FIG. 4 is a flow chart illustrating a method of storing files according to the present invention. In step 150, a file is received for distributed file storage. A TOC entry is created for the file in step 152, and the file is then segmented in step 154. The TOC is modified to include segment identification information in step 156, and the segments are distributed or scattered in step 158. The TOC is again updated to show the segment locations in step 160. One skilled in the art will appreciate that if a single system is segmenting a file and distributing it, the creation and updates of the TOC entry can be done in a single pass. In an optional step 162, the TOC is distributed. Typically the TOC will be provided to a TOC database, but if the TOC is created as a separate file it can be sent to a number of different nodes as a mechanism for access control.
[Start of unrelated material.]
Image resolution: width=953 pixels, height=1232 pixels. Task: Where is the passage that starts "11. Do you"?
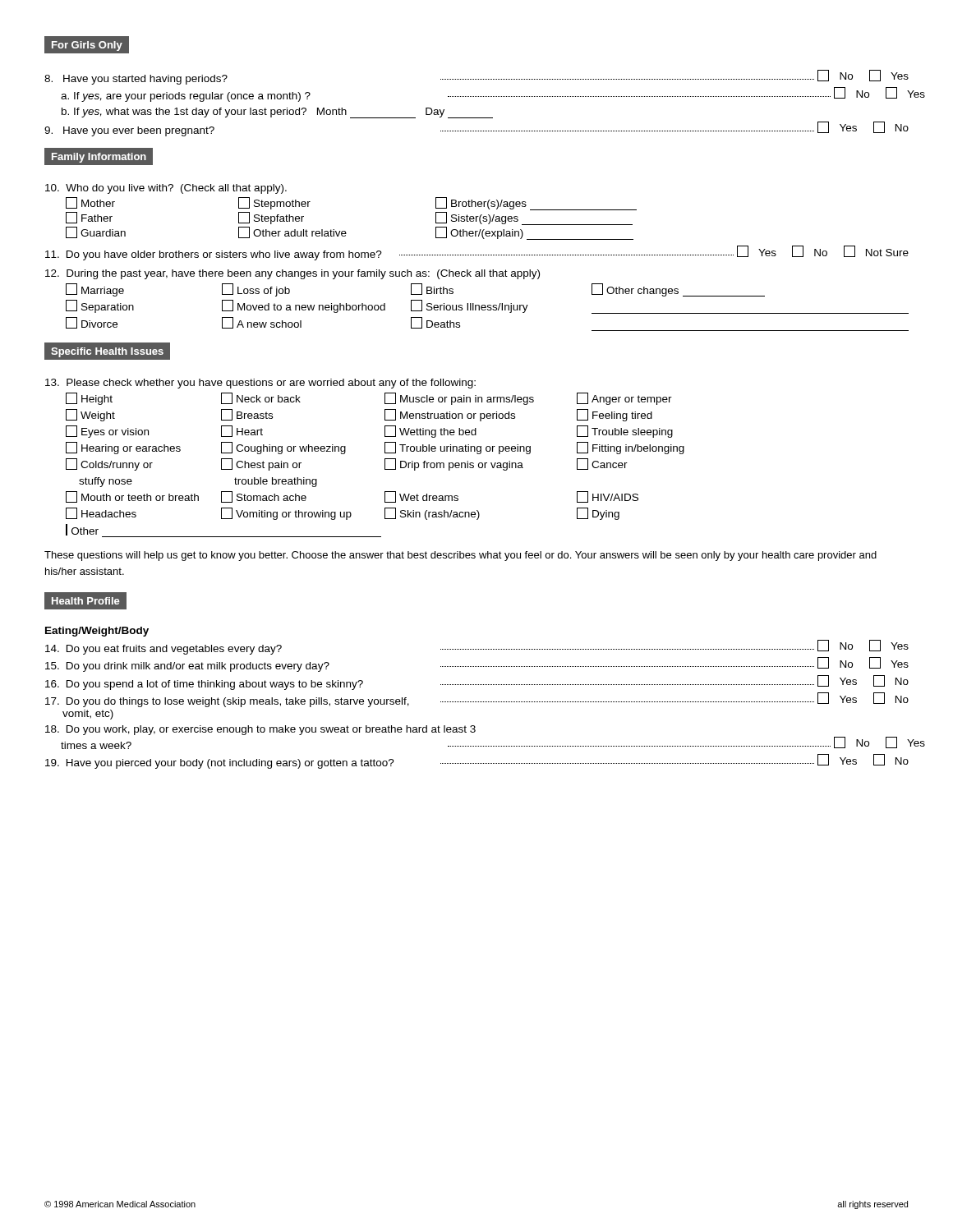(476, 253)
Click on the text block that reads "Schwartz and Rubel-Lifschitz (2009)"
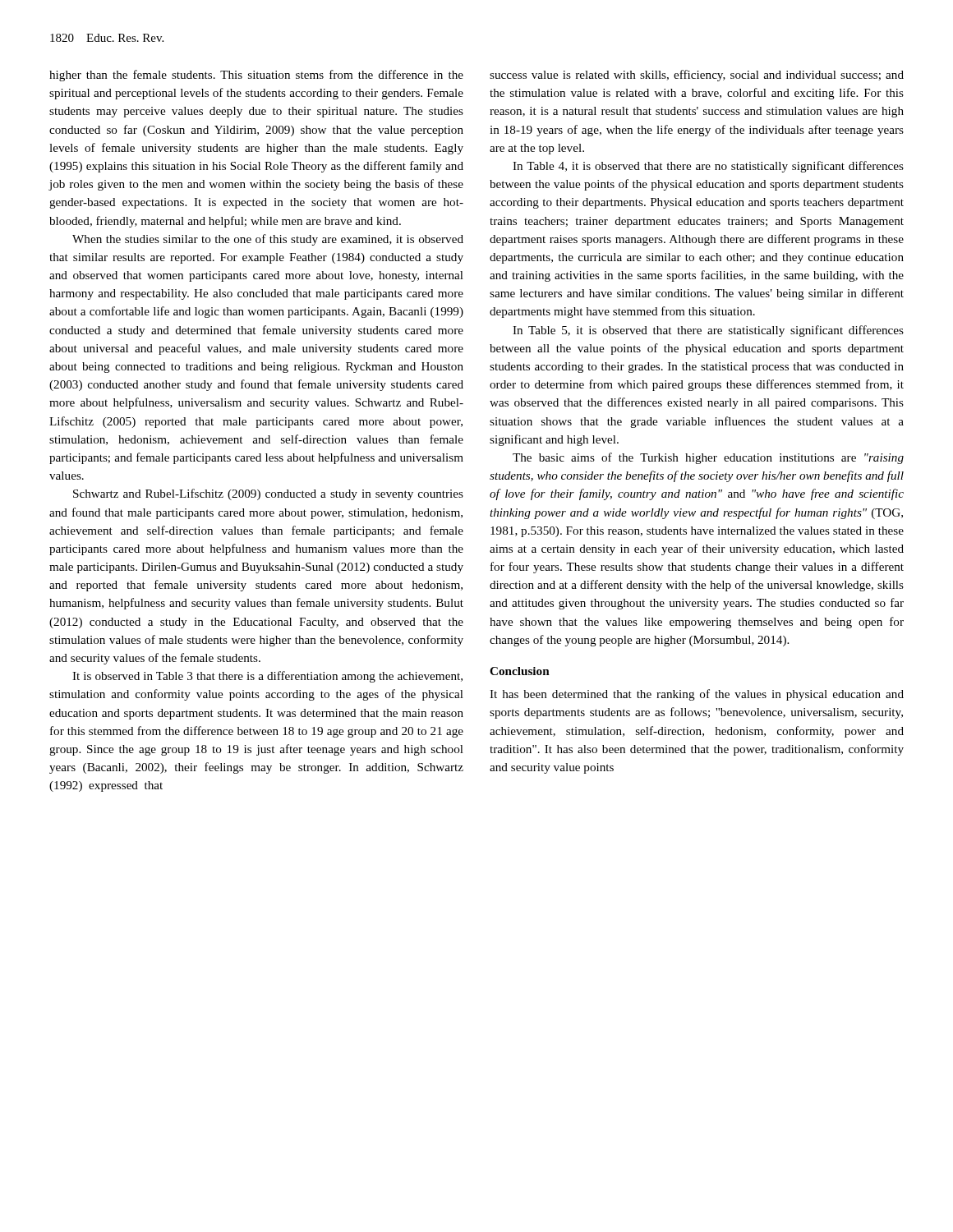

In both the above described system and method, either at the point of creating the segments or distributing them, the segments can be encrypted to provide data security. In another embodiment, the file can be encrypted upon entry to the system so that segments of an encrypted file are distributed as opposed to encrypted segments of a file.

The retrieval of large files from a distributed file system can provide performance advantages over retrieving files from a central file store, as multiple segments can be retrieved simultaneously. Each peer storing a segment can transmit the file to the requesting node in parallel, making either the requesting node or its downstream network connection the rate-limiting factor, whereas a central file server can often encounter performance problems related to its upstream bandwidth. The use of multiple peers increases the effective upstream bandwidth.

The above-described embodiments of the present invention are intended to be examples only. Alterations, modifications and variations may be effected to the particular embodiments by those of skill in the art without departing from the scope of the invention, which is defined solely by the claims appended hereto.